"Perserikatan Bangsa-Bangsa (PBB) baru-baru ini mengakui bahwa AMR adalah masalah global bagi kesehatan masyarakat dan hewan yang utama dan sangat penting diatasi saat ini, serta mendesak semua negara untuk memprioritaskan tindakan untuk pengendalian AMR," ungkap Fadjar dalam keterangan tertulis, Sabtu (11/8/2018).
Hal tersebut terungkap saat pertemuan para penggiat komunikasi tingkat ASEAN atau ASEAN Communication Group on Livestock (ACGL) ke-6 yang dilaksanakan selama 4 (empat) hari dari tanggal 7-10 Agustus 2018 di Hotel Ambarukmo Yogyakarta.
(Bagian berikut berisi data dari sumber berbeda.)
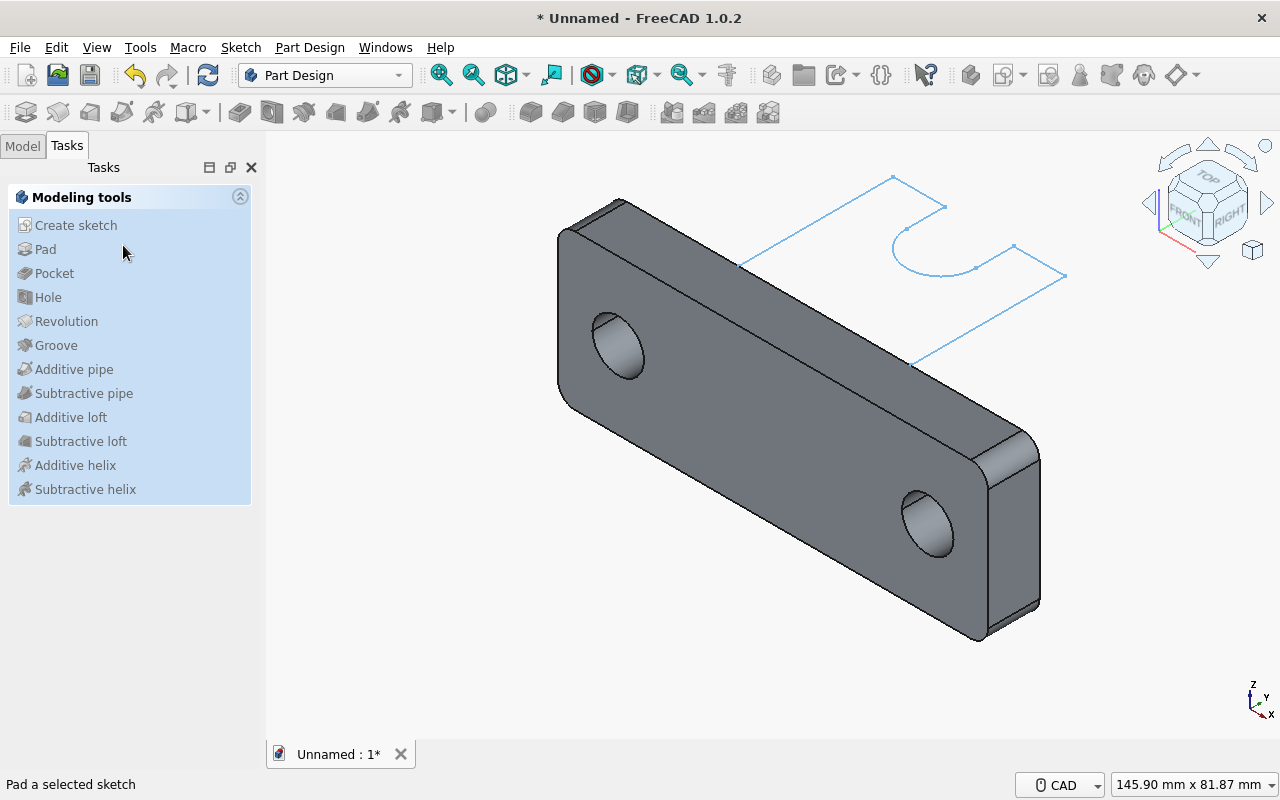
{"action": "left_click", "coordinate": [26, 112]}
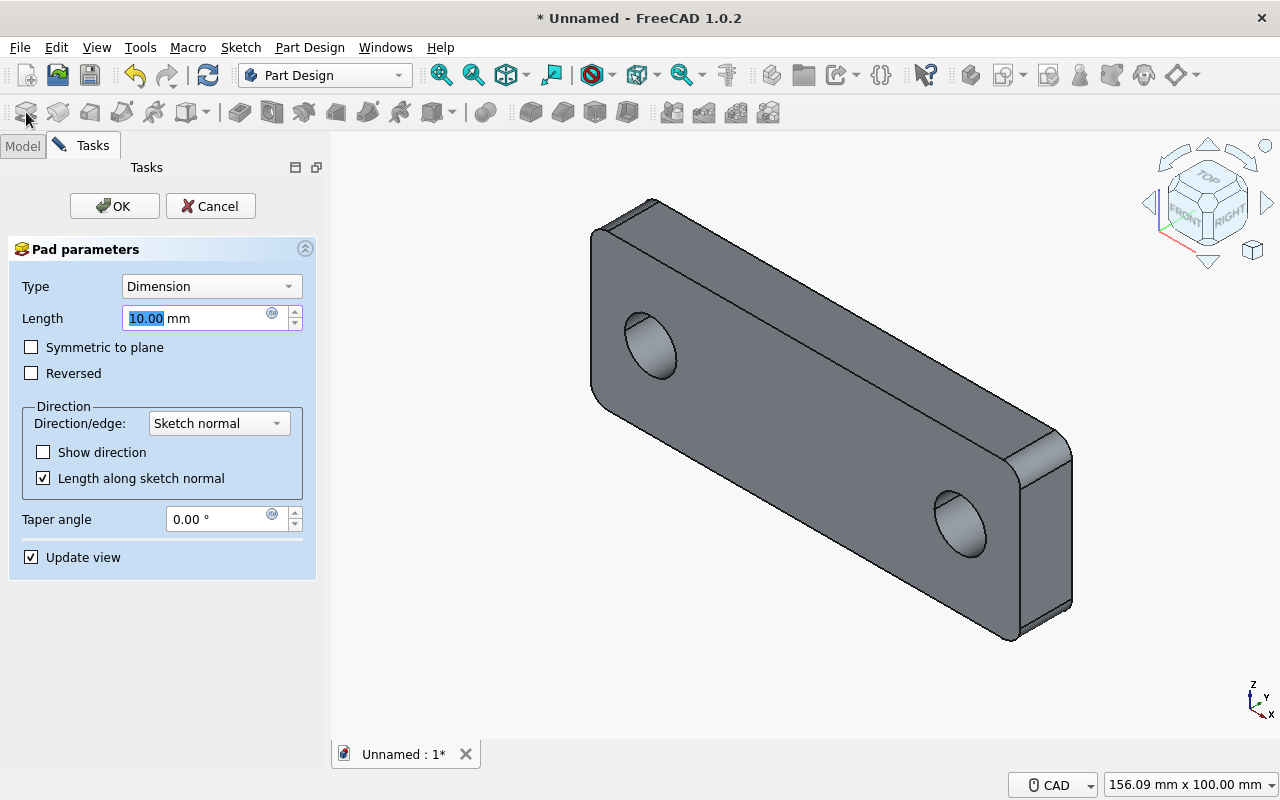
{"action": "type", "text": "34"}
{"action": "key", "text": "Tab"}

SCROLL TO CONTINUE WITH CONTENT
Selain itu melalui Permentan No. 14/2017 tentang Klasifikasi Obat Hewan, sejak 1 Januari 2018 pemerintah juga melarang penggunaan AGP dalam pakan. Pelarangan ini juga diperkuat dengan Permentan No. 22/2017 tentang Pendaftaran dan Peredaran Pakan, yang mensyaratkan pernyataan tidak menggunakan AGP dalam formula pakan yang diproduksi bagi produsen yang akan mendaftarkan pakan.
Dia melanjutkan, risiko AMR tercatat lebih tinggi di negara-negara di mana peraturan perundang-undangan, pengawasan regulasi dan sistem pemantauan mengenai penggunaan antimikroba hampir tidak ada.
"Pencegahan dan pengendalian AMR yang tidak memadai dan lemah di beberapa negara akan meningkatkan risiko penyebarannya," ucapnya.
Menurutnya, AMR adalah masalah lintas sektor yang memerlukan pendekatan multi-sektoral untuk penanganannya. Di masyarakat sendiri saat ini telah mulai ada kesadaran dan pengingkatan kapasitas teknis soal pencegahan dan pengendaliannya. Hanya saja Fadjar mengatakan, untuk sektor kesehatan hewan masih agak tertinggal.
"Saat ini sudah terlihat adanya peningkatan kesadaran masyarakat dan peningkatan kapasitas teknis di kesehatan masyarakat untuk pencegahan dan pengandalian AMR, namun untuk sektor kesehatan hewan masih sedikit tertinggal," ungkapnya.
Imron Suandy selaku delegasi Indonesia pada pertemuan tersebut mengatakan semua negara anggota ASEAN sepakat untuk merumuskan bersama langkah-langkah komunikasi yang tepat dalam menyampaikan bahaya resistensi antibiotik dan peran serta masyarakat dalam mencegahnya.
"Berbagai kegiatan komunikasi dan pesan kunci terkait AMR kepada pemangku kepentingan khususnya masyarakat kita bahas bersama," ucapnya.
Menurutnya, strategi komunikasi dan advokasi resistensi antimikroba tingkat regional sebelumnya telah sepakati oleh para Menteri Pertanian se-Asia Tenggara untuk menjadi pedoman bagi semua negara anggota ASEAN dalam memberikan arah yang tepat pada pelaksanaan kerangka kerja, serta untuk menyempurnakan dan mengembangkan kesadaran terkait AMR.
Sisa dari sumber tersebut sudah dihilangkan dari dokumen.